Laura – branca, baixa, em sobrepeso, cabelo castanho claro cacheado na altura dos ombros. Reside com a mãe que possui doença gravem incapacitante. Apresenta dificuldade em compreender as tarefas e acompanhar o grupo nos diálogos. Interage pouco com os colegas, bastante tímida.

15 F 8º EF Sim

Maurício – branco, alto, magro, cabelo castanho claro, liso e curto. Histórico familiar de abuso de SPA, com internações compulsórias do irmão, irmã PCD – (Pessoa Com Deficiência) dependente de cuidados contínuos, pouco contato com o pai. Bastante comunicativo e participativo. Faz reflexões no grupo, trazendo exemplos pessoais pertinentes. Dá sugestões e mostra-se como o porta-voz do grupo, tomando a liderança nas atividades.

17 M 1º EM Sim

A realização dos encontros com os jovens, nos moldes de grupo de reflexão, acima mencionado foi semanal, com duração média de 2 horas cada encontro, nas dependências do CRAS Sudeste. O grupo foi uma ótima experiência para poder entrar em contato com os jovens, compreendendo dessa forma suas demandas, suas dúvidas, suas ansiedades e principalmente suas expectativas frente a possibilidade de ingresso no mercado de trabalho, ingresso esse que poderia se dar por meio da vinculação a um programa de aprendizagem profissional. Foi igualmente uma experiência única da aplicação da psicologia em contextos grupais, tendo em vista que meu papel no CRAS era justamente o de trabalhar com a psicologia aplicada ao social.

Optei por utilizar a metodologia de grupos reflexivos, modalidade de grupo operativo visando a reflexão sobre assuntos propostos pelo grupo ou para o grupo, como as questões de vulnerabilidade socioeconômica, as questões me mercado de trabalho, as questões de exclusão social, entre outras, visando deste modo identificar as possibilidades de superação do quadro de vulnerabilidade transgeracional vivenciada por estes jovens.
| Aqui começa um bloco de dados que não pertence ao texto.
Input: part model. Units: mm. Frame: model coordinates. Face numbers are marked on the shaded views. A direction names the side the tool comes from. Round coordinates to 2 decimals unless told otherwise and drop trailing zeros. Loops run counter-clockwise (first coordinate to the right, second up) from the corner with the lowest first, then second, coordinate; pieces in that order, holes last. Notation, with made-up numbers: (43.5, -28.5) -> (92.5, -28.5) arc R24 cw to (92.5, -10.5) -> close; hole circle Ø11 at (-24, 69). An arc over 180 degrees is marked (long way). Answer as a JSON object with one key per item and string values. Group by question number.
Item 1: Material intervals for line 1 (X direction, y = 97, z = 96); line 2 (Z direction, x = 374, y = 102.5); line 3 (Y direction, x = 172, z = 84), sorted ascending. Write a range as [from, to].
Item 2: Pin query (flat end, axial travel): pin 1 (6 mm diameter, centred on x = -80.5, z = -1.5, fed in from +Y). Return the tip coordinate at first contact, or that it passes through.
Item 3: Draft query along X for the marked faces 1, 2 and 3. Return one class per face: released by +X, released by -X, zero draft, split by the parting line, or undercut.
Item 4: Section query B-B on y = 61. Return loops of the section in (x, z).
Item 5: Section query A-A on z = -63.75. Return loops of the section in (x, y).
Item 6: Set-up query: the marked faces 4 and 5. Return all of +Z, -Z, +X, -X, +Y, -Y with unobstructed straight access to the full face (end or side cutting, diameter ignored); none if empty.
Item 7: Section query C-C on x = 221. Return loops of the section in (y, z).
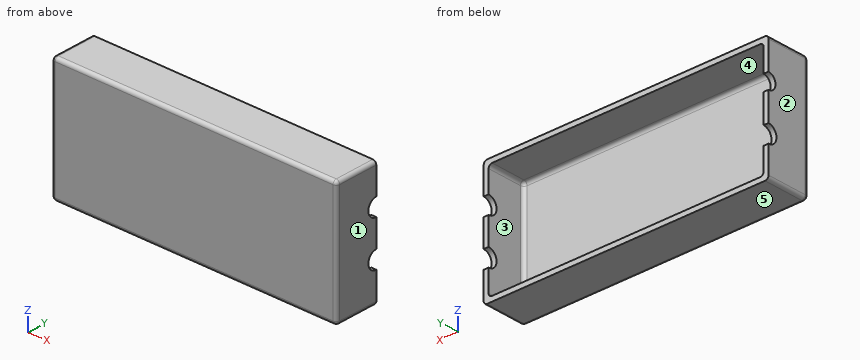
from build123d import *

# Parameters (mm, degrees)
SKETCH1_W           = 814
SKETCH1_H           = 350
BOSS_EXTRUDE1_DEPTH = 125
SKETCH2_W           = 786
SKETCH2_H           = 322
CUT_EXTRUDE1_DEPTH  = 110
FILLET1_R           = 10
FILLET2_R           = 10
FILLET3_R           = 10
SKETCH4_R           = 25
SKETCH4_R_2         = 22
CUT_EXTRUDE2_DEPTH  = 110
CUT_EXTRUDE3_START  = -110
SKETCH5_R           = 25
CUT_EXTRUDE3_DEPTH  = 110


with BuildPart() as part:
    # Sketch1 → Boss-Extrude1 (new body)
    with BuildSketch(Plane(origin=(0, 0, 0), x_dir=(1, 0, 0), z_dir=(0, 1, 0))):
        Rectangle(SKETCH1_W, SKETCH1_H)
    extrude(amount=BOSS_EXTRUDE1_DEPTH)

    # Sketch2 → Cut-Extrude1 (cut)
    with BuildSketch(Plane(origin=(0, 125, 0), x_dir=(1, 0, 0), z_dir=(0, 1, 0))):
        Rectangle(SKETCH2_W, SKETCH2_H)
    extrude(amount=-CUT_EXTRUDE1_DEPTH, mode=Mode.SUBTRACT)

    # Fillet1
    fillet1_edges = [part.edges().sort_by_distance(p)[0] for p in [
        (0, 0, -175),
        (407, 0, 0),
        (0, 0, 175),
        (-407, 0, 0),
    ]]
    fillet(fillet1_edges, radius=FILLET1_R)

    # Fillet2
    # the kernel refuses this fillet: 10 mm, written as the material it takes off along each edge
    with BuildSketch(Plane(origin=(397, 10, -165), x_dir=(0, 0, -1), z_dir=(1, 0, 0))) as fillet2_piece_1_section:
        Polygon((0, 0), (FILLET2_R, 0), (FILLET2_R, -FILLET2_R), (0, -FILLET2_R), align=None)
    fillet2_piece_1 = extrude(amount=FILLET2_R, mode=Mode.PRIVATE)
    fillet2_piece_1 = fillet2_piece_1 - Plane(origin=(397, 10, -165), x_dir=(0, 0.7071067811865475, 0.7071067811865475), z_dir=(1, 0, 0)) * Sphere(FILLET2_R, mode=Mode.PRIVATE)
    add(fillet2_piece_1, mode=Mode.SUBTRACT)
    with BuildSketch(Plane(origin=(397, 10, 165), x_dir=(1, 0, 0), z_dir=(0, 0, 1))) as fillet2_piece_2_section:
        Polygon((0, 0), (FILLET2_R, 0), (FILLET2_R, -FILLET2_R), (0, -FILLET2_R), align=None)
    fillet2_piece_2 = extrude(amount=FILLET2_R, mode=Mode.PRIVATE)
    fillet2_piece_2 = fillet2_piece_2 - Plane(origin=(397, 10, 165), x_dir=(-0.7071067811865475, 0.7071067811865475, 0), z_dir=(0, 0, 1)) * Sphere(FILLET2_R, mode=Mode.PRIVATE)
    add(fillet2_piece_2, mode=Mode.SUBTRACT)
    with BuildSketch(Plane(origin=(-397, 10, -165), x_dir=(0, 0, -1), z_dir=(-1, 0, 0))) as fillet2_piece_3_section:
        Polygon((0, 0), (FILLET2_R, 0), (FILLET2_R, FILLET2_R), (0, FILLET2_R), align=None)
    fillet2_piece_3 = extrude(amount=FILLET2_R, mode=Mode.PRIVATE)
    fillet2_piece_3 = fillet2_piece_3 - Plane(origin=(-397, 10, -165), x_dir=(0, 0.7071067811865475, 0.7071067811865475), z_dir=(-1, 0, 0)) * Sphere(FILLET2_R, mode=Mode.PRIVATE)
    add(fillet2_piece_3, mode=Mode.SUBTRACT)
    with BuildSketch(Plane(origin=(-397, 10, 165), x_dir=(-1, 0, 0), z_dir=(0, 0, 1))) as fillet2_piece_4_section:
        Polygon((0, 0), (FILLET2_R, 0), (FILLET2_R, FILLET2_R), (0, FILLET2_R), align=None)
    fillet2_piece_4 = extrude(amount=FILLET2_R, mode=Mode.PRIVATE)
    fillet2_piece_4 = fillet2_piece_4 - Plane(origin=(-397, 10, 165), x_dir=(0.7071067811865475, 0.7071067811865475, 0), z_dir=(0, 0, 1)) * Sphere(FILLET2_R, mode=Mode.PRIVATE)
    add(fillet2_piece_4, mode=Mode.SUBTRACT)
    with BuildSketch(Plane(origin=(-407, 10, -175), x_dir=(0, 0, 1), z_dir=(0, 1, 0)), Plane(origin=(-407, 10, 175), x_dir=(1, 0, 0), z_dir=(0, 1, 0))) as fillet2_piece_5:
        with BuildLine():
            CenterArc((FILLET2_R, FILLET2_R), FILLET2_R, 180, 90)
            Line((0, FILLET2_R), (0, 0))
            Line((0, 0), (FILLET2_R, 0))
        make_face()
    extrude(amount=140, mode=Mode.SUBTRACT)
    with BuildSketch(Plane(origin=(407, 10, -175), x_dir=(0, 0, 1), z_dir=(0, 1, 0)), Plane(origin=(407, 10, 175), x_dir=(-1, 0, 0), z_dir=(0, 1, 0))) as fillet2_piece_6:
        with BuildLine():
            CenterArc((FILLET2_R, -FILLET2_R), FILLET2_R, 90, 90)
            Line((0, -FILLET2_R), (0, 0))
            Line((0, 0), (FILLET2_R, 0))
        make_face()
    extrude(amount=140, mode=Mode.SUBTRACT)

    # Fillet3
    fillet3_edges = [part.edges().sort_by_distance(p)[0] for p in [
        (393, 15, 0),
        (393, 70, -161),
        (0, 15, 161),
        (393, 70, 161),
        (-393, 15, 0),
        (-393, 70, 161),
        (0, 15, -161),
        (-393, 70, -161),
    ]]
    fillet(fillet3_edges, radius=FILLET3_R)

    # Sketch4 → Cut-Extrude2 (cut)
    with BuildSketch(Plane.ZY.offset(407)):
        with Locations((-63.75, 125)):
            Circle(SKETCH4_R)
        with Locations((63.75, 125)):
            Circle(SKETCH4_R_2)
    extrude(amount=-CUT_EXTRUDE2_DEPTH, mode=Mode.SUBTRACT)

    # Sketch5 → Cut-Extrude3 (cut)
    with BuildSketch(Plane(origin=(407, 0, 0), x_dir=(0, 0, -1), z_dir=(1, 0, 0)).offset(CUT_EXTRUDE3_START)):
        with Locations((-63.75, 125)):
            Circle(SKETCH5_R)
        with Locations((63.75, 125)):
            Circle(SKETCH5_R)
    extrude(amount=CUT_EXTRUDE3_DEPTH, mode=Mode.SUBTRACT)


solid = part.part
Solved:
{
 "1": {"line 1": "[-407, -393], [393, 407]", "line 2": "[-175, -161], [161, 175]", "line 3": "[0, 15]"},
 "2": {"pin 1": "y = 15"},
 "3": {"face 1": "released by +X", "face 2": "released by -X", "face 3": "undercut"},
 "4": {"outline": "(-407, -165) arc R10 ccw to (-397, -175) -> (397, -175) arc R10 ccw to (407, -165) -> (407, 165) arc R10 ccw to (397, 175) -> (-397, 175) arc R10 ccw to (-407, 165) -> close; hole (-393, -151) arc R10 ccw to (-383, -161) -> (383, -161) arc R10 ccw to (393, -151) -> (393, 151) arc R10 ccw to (383, 161) -> (-383, 161) arc R10 ccw to (-393, 151) -> close"},
 "5": {"outline": "(-407, 10) arc R10 ccw to (-397, 0) -> (397, 0) arc R10 ccw to (407, 10) -> (407, 100) -> (393, 100) -> (393, 25) arc R10 cw to (383, 15) -> (-383, 15) arc R10 cw to (-393, 25) -> (-393, 100) -> (-407, 100) -> close"},
 "6": {"face 4": "+Y", "face 5": "-Z, +X, -X, +Y, -Y"},
 "7": {"outline": "(0, -165) arc R10 ccw to (10, -175) -> (125, -175) -> (125, -161) -> (25, -161) arc R10 cw to (15, -151) -> (15, 151) arc R10 cw to (25, 161) -> (125, 161) -> (125, 175) -> (10, 175) arc R10 ccw to (0, 165) -> close"}
}

Os jovens receberam visitas de instituições interessadas em conhecer o trabalho que estávamos realizando e apresentar suas ações voltadas para este público. Assim, recebemos a visita do Centro de Integração Escola Empresa – CIEE RS5, da Lefan, da Coordenadoria da Juventude6 e a visita do setor de saúde mental da Secretaria Municipal da Saúde.

Tal experiência caracterizou-se como um importante pré-campo de pesquisa, onde me foi possível perceber os sujeitos observados como parceiros da pesquisa, compreendendo dessa forma que as articulações do pesquisador com as instituições onde eles se encontram são fundamentais (família, escola, etc.), porém dependem do interesse daqueles diretamente envolvidos com o objeto da pesquisa.

O resultado de um trabalho de campo se mede pela forma como o(a) próprio(a) antropólogo(a) vai refletir sobre si mesmo na experiência de campo. A confrontação pessoal com o desconhecido, o contraditório, o obscuro e o confuso no interior de si mesmo é uma das razões que conduzem inúmeros autores a considerar a etnografia como uma das práticas de pesquisa mais intensas nas ciências sociais (ROCHA; ECKERT, 2008).